BKFC255;964026 said:


> The show was on the speed channel, it's called dangerous drives.


I just watched that about two weeks ago. I would love to drive it but not plow it.


----------



## ohiogreenworks

Nice views and all but I think I'm good without that....that black bear road article is wild


----------



## timberseal

wow that would be one hell of a motorcycle trip


----------



## dellwas

Heres' some links to a story about two Texans getting stuck on the side of a mountain just outside of Siverton, Colorado. For a while it looked like helicopters were the only way to get the trucks out:

http://www.hispanianews.com/archive/2000/December01/01.htm

http://www.explorerforum.com/forums/printthread.php?t=108161


----------



## billet-boy

timberseal;966004 said:


> wow that would be one hell of a motorcycle trip


I second that


----------



## A.K_Donaldson

*Wow*

Cant imagine what plowing those roads must be like round of applause for those plow drivers thats some risky stuff.


----------



## BossPlow614

getting vertigo as im looking at the pics. deathly afraid of heights. i think ill stay in MN where it's nice and flat!!  

beautiful countryside though!


----------



## SMLCAT

I drove that road (the million dollar highway) from Silverton to Durango a few years ago in a rented RV with my family.

What the pictures don't show you is that the white line on the right side of the road is missing about 40% of the time where the road has crumpled away.
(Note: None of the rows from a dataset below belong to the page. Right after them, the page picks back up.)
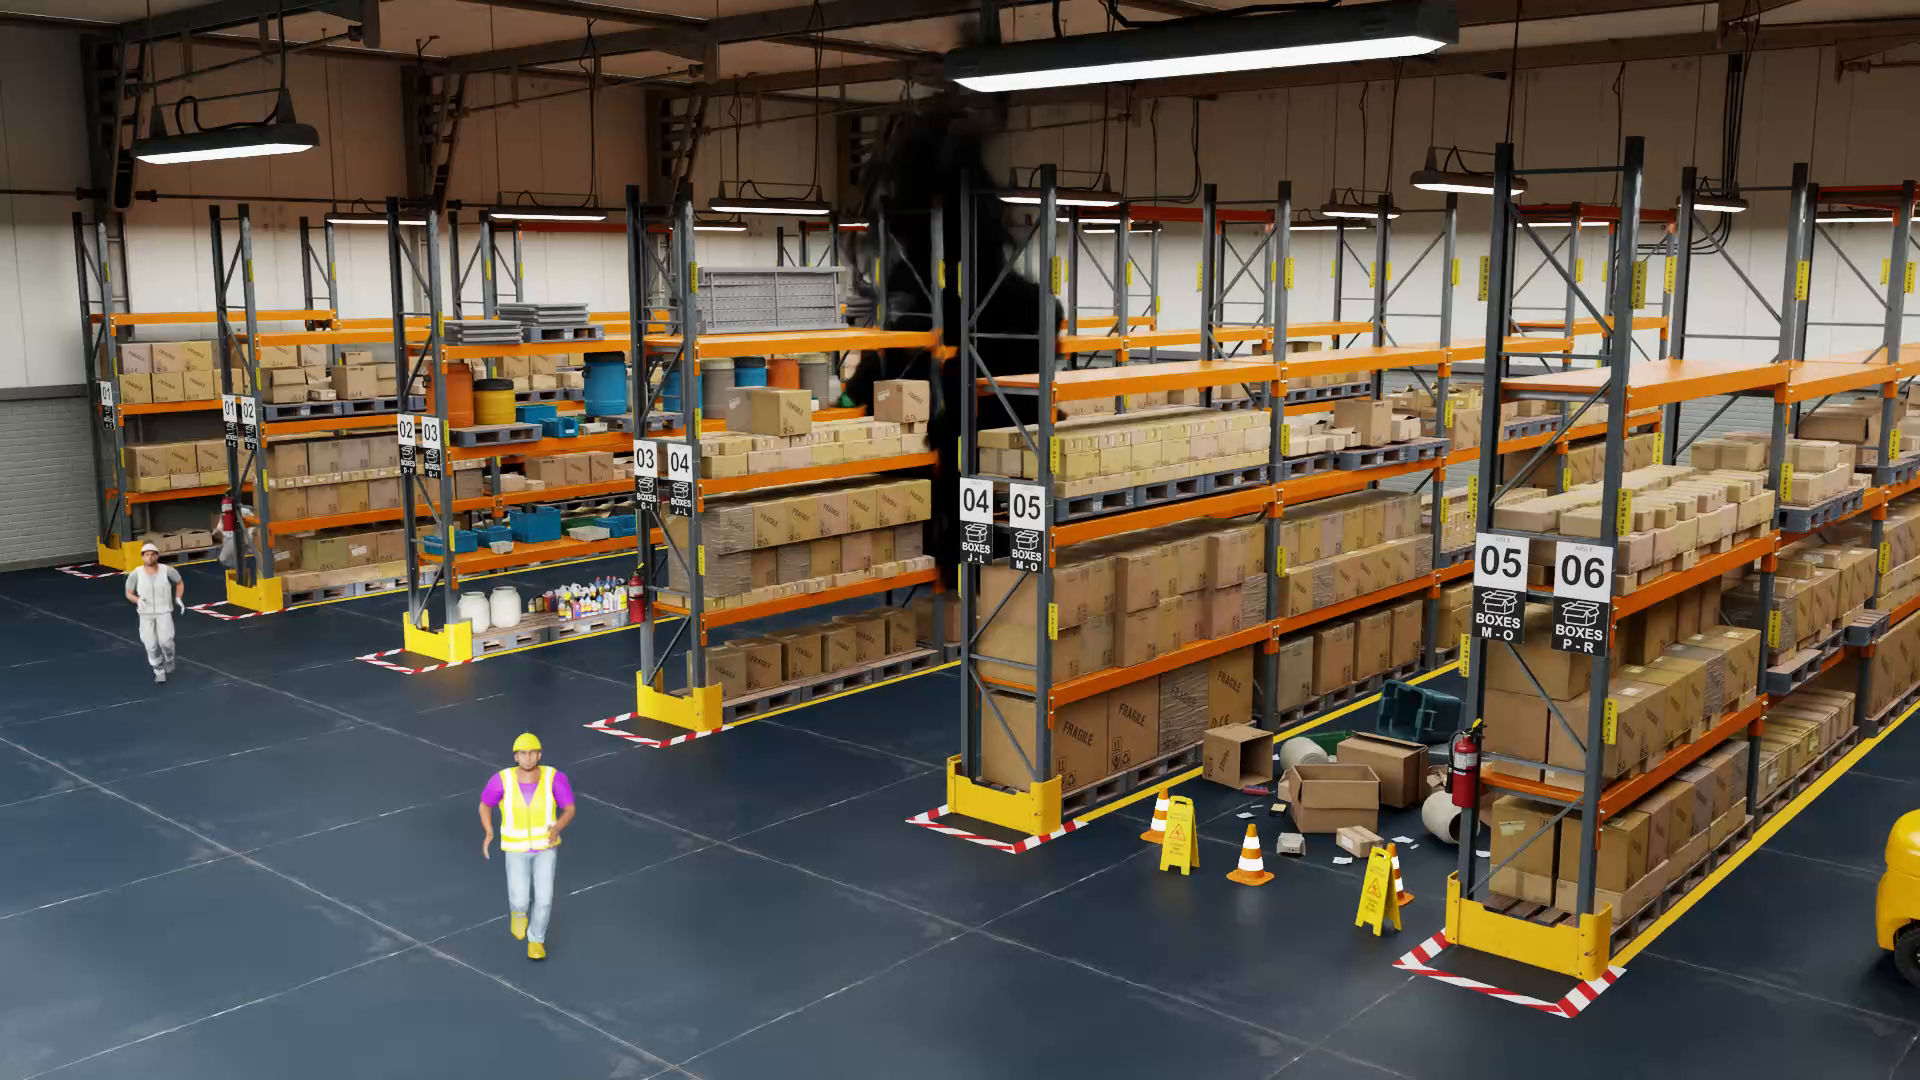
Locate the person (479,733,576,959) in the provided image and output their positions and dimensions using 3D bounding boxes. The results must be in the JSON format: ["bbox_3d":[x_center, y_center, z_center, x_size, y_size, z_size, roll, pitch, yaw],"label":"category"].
[{"bbox_3d":[-3.201,2.284,12.377,0.698,1.720,0.576,-3,10,-17],"label":"person"}]

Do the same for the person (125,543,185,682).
[{"bbox_3d":[-9.919,0.913,20.509,0.649,1.744,0.577,-4,10,-22],"label":"person"}]

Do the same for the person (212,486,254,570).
[{"bbox_3d":[-11.589,-0.048,26.537,0.674,1.645,0.590,7,12,35],"label":"person"}]

Also there are concrete roofs built over sections of the road where it transverses the chutes so that the snow from avalanches actually goes over the top.

It was so scary driving a wide vehicle that I actually had to pull over in just about every turn out just to calm down...

It was definitely the scariest road I've ever driven (and that was in the summer time), There is NFW you'd get me to drive that in the winter...


----------